**LISTED RECORDS**

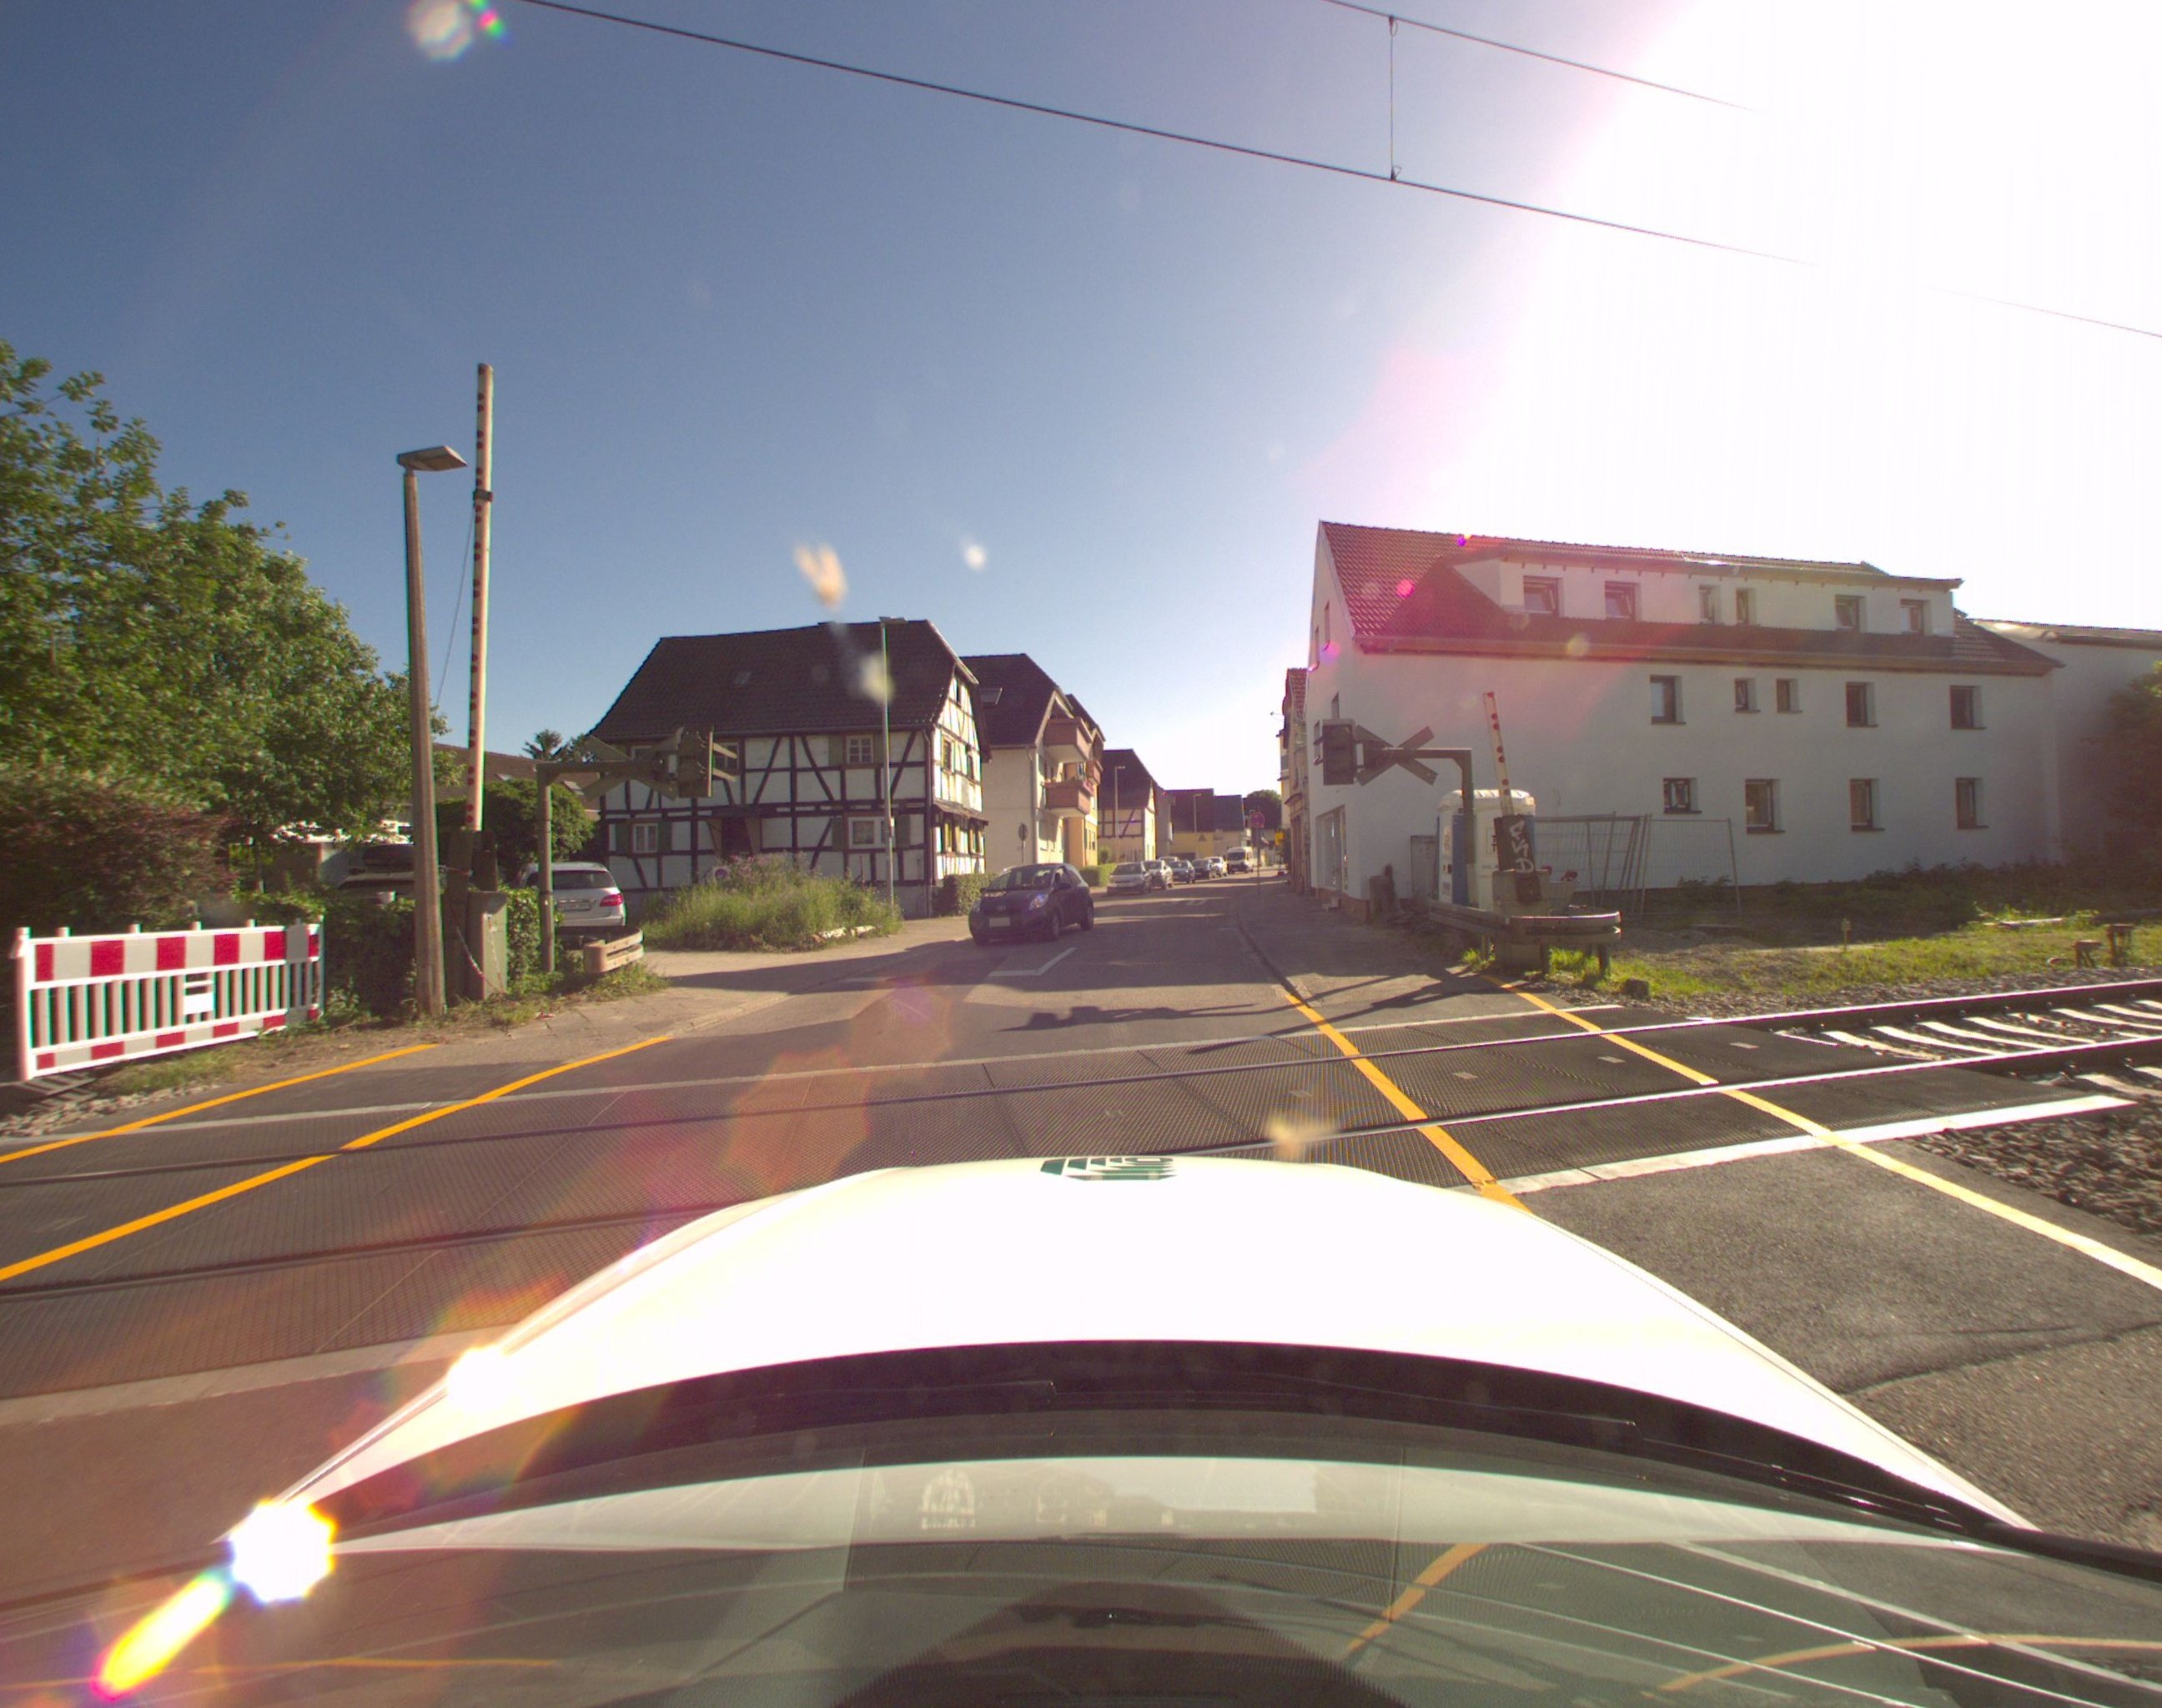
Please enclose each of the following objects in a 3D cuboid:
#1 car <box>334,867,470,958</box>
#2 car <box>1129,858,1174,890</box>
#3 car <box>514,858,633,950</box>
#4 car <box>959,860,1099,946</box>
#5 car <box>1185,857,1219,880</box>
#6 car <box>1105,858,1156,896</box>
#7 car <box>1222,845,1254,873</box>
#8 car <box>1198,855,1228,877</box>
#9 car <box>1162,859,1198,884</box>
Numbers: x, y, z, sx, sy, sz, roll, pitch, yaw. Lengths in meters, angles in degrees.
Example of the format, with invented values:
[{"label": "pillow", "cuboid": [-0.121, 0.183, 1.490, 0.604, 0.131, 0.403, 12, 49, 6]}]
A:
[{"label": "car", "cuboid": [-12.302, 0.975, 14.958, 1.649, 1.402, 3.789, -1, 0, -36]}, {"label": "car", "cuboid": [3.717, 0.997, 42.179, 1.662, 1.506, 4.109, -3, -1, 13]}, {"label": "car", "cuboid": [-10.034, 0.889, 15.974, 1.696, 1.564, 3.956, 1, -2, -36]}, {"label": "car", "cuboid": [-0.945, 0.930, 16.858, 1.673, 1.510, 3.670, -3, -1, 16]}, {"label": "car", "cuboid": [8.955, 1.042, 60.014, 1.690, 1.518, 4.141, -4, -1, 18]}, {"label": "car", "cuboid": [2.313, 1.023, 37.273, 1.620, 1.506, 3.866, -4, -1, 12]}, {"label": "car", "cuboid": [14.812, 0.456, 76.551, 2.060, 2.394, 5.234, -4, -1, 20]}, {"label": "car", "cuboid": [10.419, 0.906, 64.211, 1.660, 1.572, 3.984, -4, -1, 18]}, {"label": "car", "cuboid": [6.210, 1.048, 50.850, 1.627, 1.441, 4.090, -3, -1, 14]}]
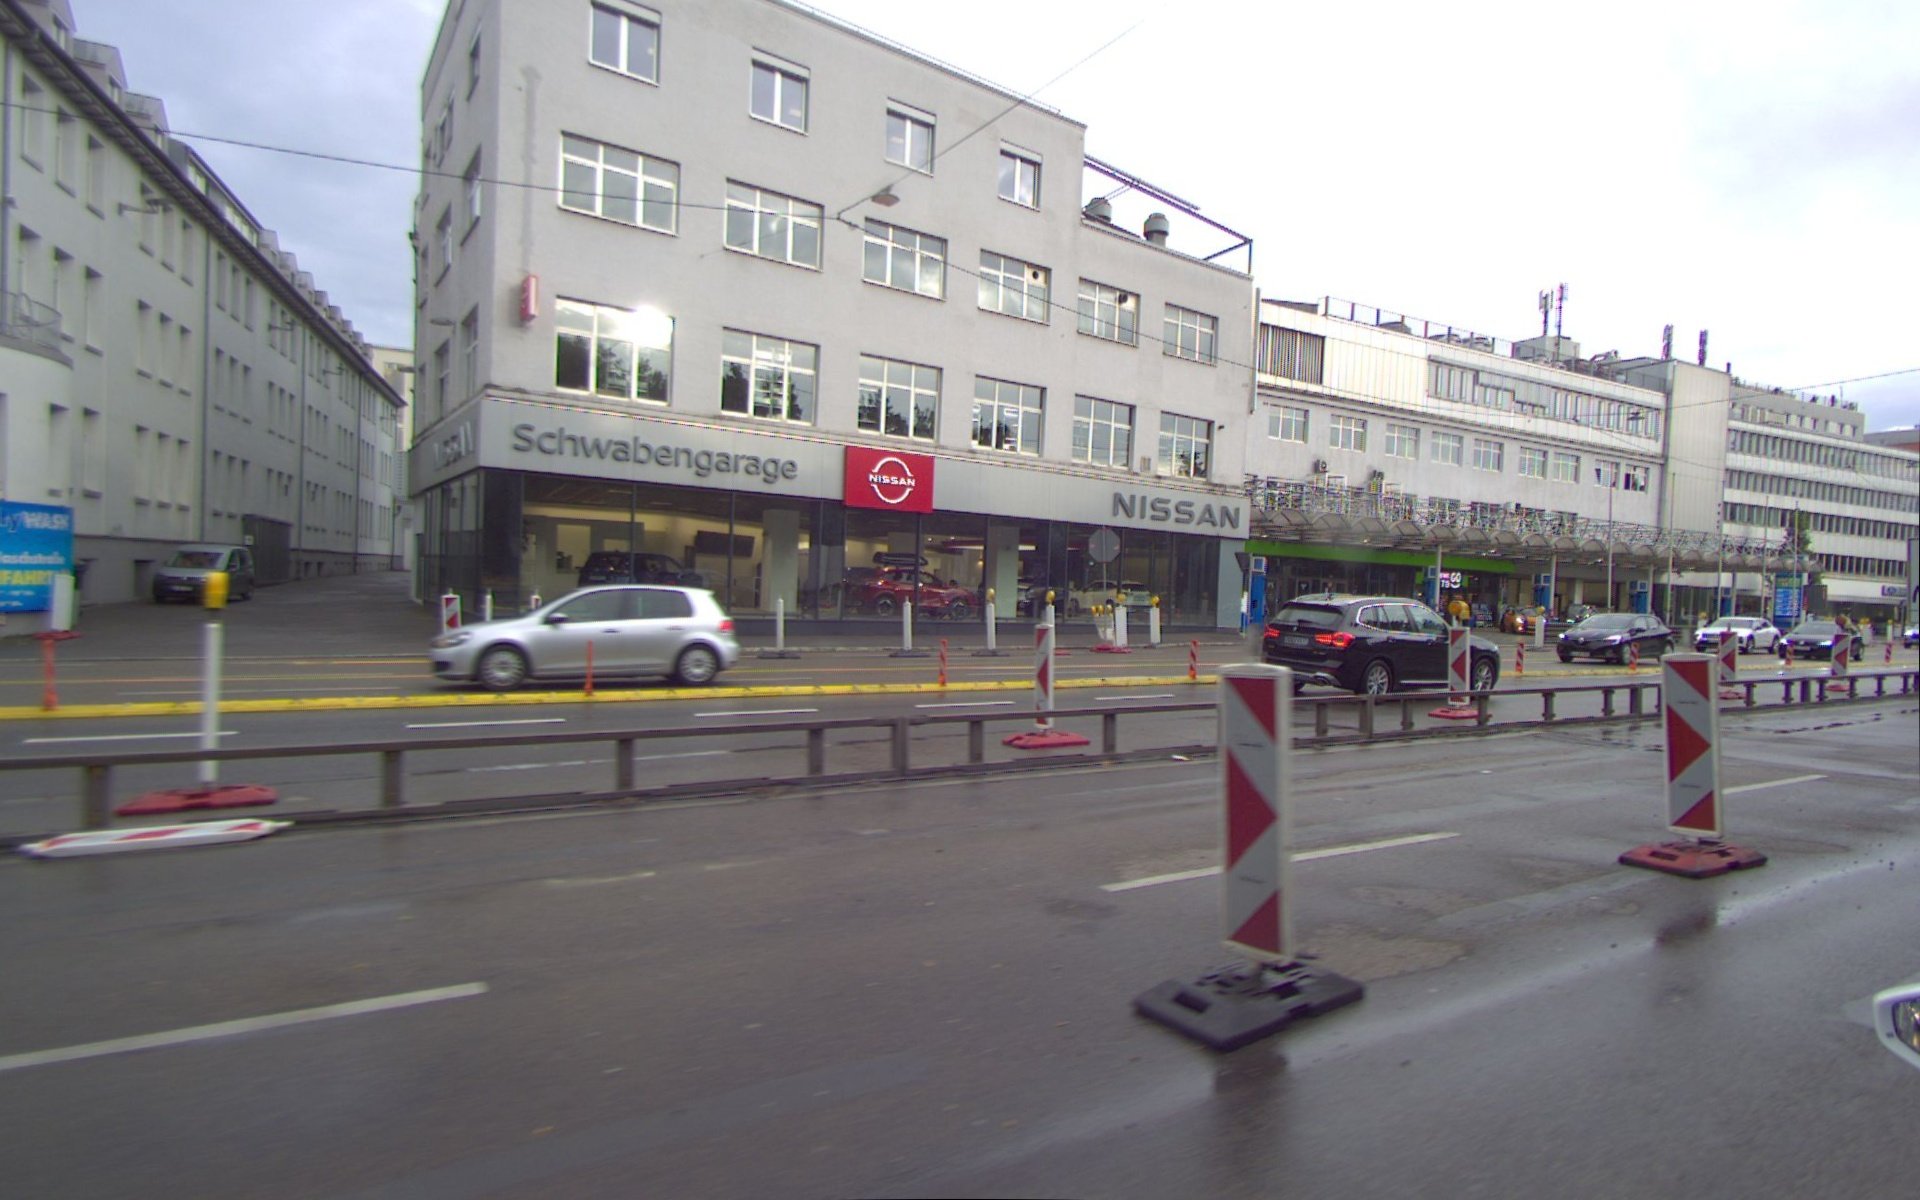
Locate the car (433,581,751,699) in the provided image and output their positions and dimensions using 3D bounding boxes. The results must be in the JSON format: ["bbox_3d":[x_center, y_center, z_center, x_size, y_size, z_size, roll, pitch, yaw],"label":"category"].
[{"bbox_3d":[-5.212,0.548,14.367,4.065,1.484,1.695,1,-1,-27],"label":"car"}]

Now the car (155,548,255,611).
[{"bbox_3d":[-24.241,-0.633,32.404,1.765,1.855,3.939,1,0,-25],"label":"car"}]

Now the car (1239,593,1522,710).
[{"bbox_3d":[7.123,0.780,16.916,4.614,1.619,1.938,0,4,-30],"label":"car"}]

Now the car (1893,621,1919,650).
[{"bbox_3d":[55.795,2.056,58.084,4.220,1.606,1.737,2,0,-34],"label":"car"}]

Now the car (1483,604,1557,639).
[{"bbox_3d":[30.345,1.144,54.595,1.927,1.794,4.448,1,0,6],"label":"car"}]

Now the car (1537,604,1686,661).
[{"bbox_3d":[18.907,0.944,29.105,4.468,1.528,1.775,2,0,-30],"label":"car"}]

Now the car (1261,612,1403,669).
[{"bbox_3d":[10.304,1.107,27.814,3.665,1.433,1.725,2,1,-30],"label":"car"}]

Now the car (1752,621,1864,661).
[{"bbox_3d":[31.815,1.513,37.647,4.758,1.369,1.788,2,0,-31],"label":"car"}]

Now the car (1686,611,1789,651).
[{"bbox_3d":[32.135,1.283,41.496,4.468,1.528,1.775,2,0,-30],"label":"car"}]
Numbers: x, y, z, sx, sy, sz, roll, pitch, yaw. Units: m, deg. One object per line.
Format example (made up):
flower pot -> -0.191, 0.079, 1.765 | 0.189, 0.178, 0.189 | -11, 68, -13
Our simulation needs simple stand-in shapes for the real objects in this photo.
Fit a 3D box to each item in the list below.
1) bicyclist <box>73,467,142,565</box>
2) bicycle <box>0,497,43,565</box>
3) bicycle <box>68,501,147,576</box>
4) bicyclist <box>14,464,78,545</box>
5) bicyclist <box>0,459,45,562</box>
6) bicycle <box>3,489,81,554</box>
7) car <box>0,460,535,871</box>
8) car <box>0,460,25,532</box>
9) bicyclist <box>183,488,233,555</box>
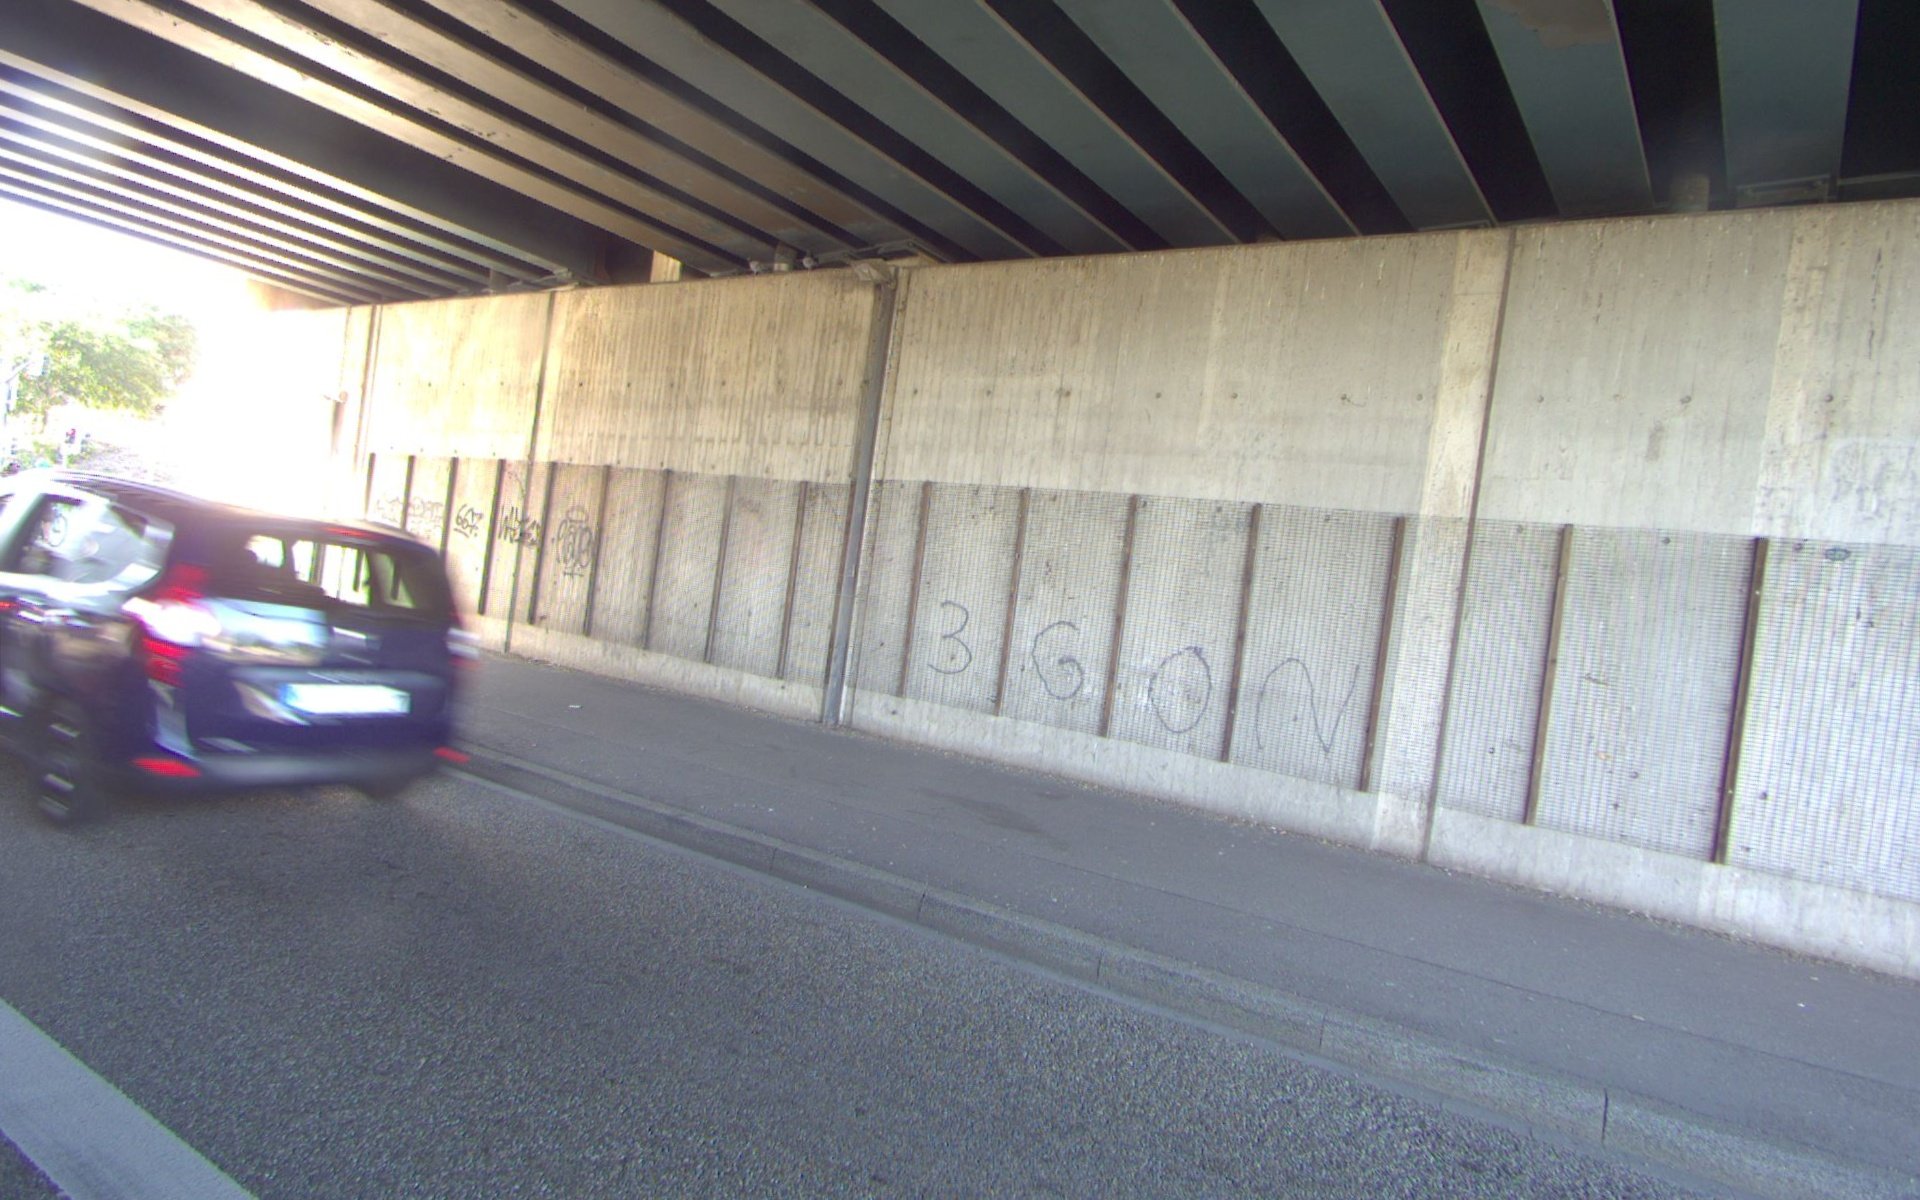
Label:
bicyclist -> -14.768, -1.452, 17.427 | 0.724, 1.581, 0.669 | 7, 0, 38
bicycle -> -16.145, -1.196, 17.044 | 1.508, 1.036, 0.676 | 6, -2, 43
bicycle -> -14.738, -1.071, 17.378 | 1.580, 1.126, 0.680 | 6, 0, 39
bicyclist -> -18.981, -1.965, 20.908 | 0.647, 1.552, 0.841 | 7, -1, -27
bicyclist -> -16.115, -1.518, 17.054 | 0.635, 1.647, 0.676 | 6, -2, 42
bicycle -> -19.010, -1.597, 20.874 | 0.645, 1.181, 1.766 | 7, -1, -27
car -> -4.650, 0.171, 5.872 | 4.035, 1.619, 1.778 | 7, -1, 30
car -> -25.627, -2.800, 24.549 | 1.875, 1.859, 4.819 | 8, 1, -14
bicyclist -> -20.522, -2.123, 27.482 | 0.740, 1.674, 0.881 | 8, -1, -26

**WHAT YOU NEED TO DO**
Look above for the line containing "6) bicycle <box>3,489,81,554</box>", then retype it and each line after it to the end of the records, exactly and without pictures.

**EXPECTED OUTPUT**
6) bicycle <box>3,489,81,554</box>
7) car <box>0,460,535,871</box>
8) car <box>0,460,25,532</box>
9) bicyclist <box>183,488,233,555</box>
Label:
bicyclist -> -14.768, -1.452, 17.427 | 0.724, 1.581, 0.669 | 7, 0, 38
bicycle -> -16.145, -1.196, 17.044 | 1.508, 1.036, 0.676 | 6, -2, 43
bicycle -> -14.738, -1.071, 17.378 | 1.580, 1.126, 0.680 | 6, 0, 39
bicyclist -> -18.981, -1.965, 20.908 | 0.647, 1.552, 0.841 | 7, -1, -27
bicyclist -> -16.115, -1.518, 17.054 | 0.635, 1.647, 0.676 | 6, -2, 42
bicycle -> -19.010, -1.597, 20.874 | 0.645, 1.181, 1.766 | 7, -1, -27
car -> -4.650, 0.171, 5.872 | 4.035, 1.619, 1.778 | 7, -1, 30
car -> -25.627, -2.800, 24.549 | 1.875, 1.859, 4.819 | 8, 1, -14
bicyclist -> -20.522, -2.123, 27.482 | 0.740, 1.674, 0.881 | 8, -1, -26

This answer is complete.